Recorded information:
-----

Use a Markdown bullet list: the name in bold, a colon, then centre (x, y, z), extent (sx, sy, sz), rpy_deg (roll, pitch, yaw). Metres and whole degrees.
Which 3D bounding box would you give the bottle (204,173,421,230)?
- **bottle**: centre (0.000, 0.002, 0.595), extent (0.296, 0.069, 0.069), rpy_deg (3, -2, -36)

-----

Work instruction:
An exact copy of the listing is the goal. Transcribe it in full.

Exercise response:
Use a Markdown bullet list: the name in bold, a colon, then centre (x, y, z), extent (sx, sy, sz), rpy_deg (roll, pitch, yaw). Metres and whole degrees.
Which 3D bounding box would you give the bottle (204,173,421,230)?
- **bottle**: centre (0.000, 0.002, 0.595), extent (0.296, 0.069, 0.069), rpy_deg (3, -2, -36)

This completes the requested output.